**Materials provided**.
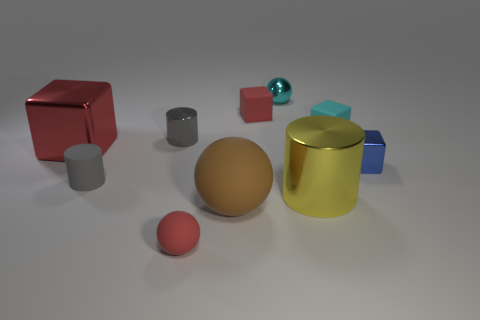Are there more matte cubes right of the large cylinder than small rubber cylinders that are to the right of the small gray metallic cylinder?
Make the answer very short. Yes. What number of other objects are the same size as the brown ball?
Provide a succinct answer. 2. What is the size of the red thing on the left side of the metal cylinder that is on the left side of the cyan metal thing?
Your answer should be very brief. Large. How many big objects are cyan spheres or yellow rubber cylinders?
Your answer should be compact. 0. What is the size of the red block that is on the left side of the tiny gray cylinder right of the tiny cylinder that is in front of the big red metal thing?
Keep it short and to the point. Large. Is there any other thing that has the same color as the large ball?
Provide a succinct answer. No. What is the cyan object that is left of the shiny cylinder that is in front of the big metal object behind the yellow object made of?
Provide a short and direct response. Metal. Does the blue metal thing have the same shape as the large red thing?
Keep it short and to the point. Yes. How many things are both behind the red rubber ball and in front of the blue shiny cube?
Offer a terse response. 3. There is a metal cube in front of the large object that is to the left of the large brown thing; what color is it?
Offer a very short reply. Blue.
...
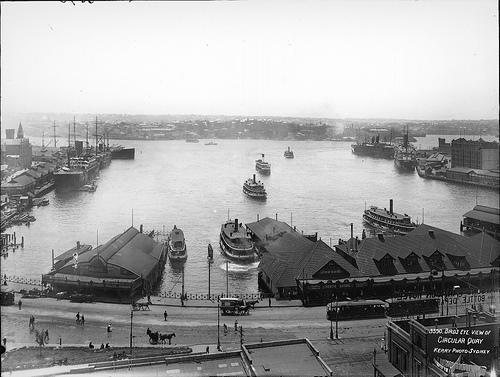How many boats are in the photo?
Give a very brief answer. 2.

**The problem**. Going down the listing above, begin printing at the line with "Provide a short" and finish with the line with "Offer a very short reply. Blue.", exactly as they appear.

**Answer area**.
Provide a short and direct response. Metal. Does the blue metal thing have the same shape as the large red thing?
Keep it short and to the point. Yes. How many things are both behind the red rubber ball and in front of the blue shiny cube?
Offer a terse response. 3. There is a metal cube in front of the large object that is to the left of the large brown thing; what color is it?
Offer a very short reply. Blue.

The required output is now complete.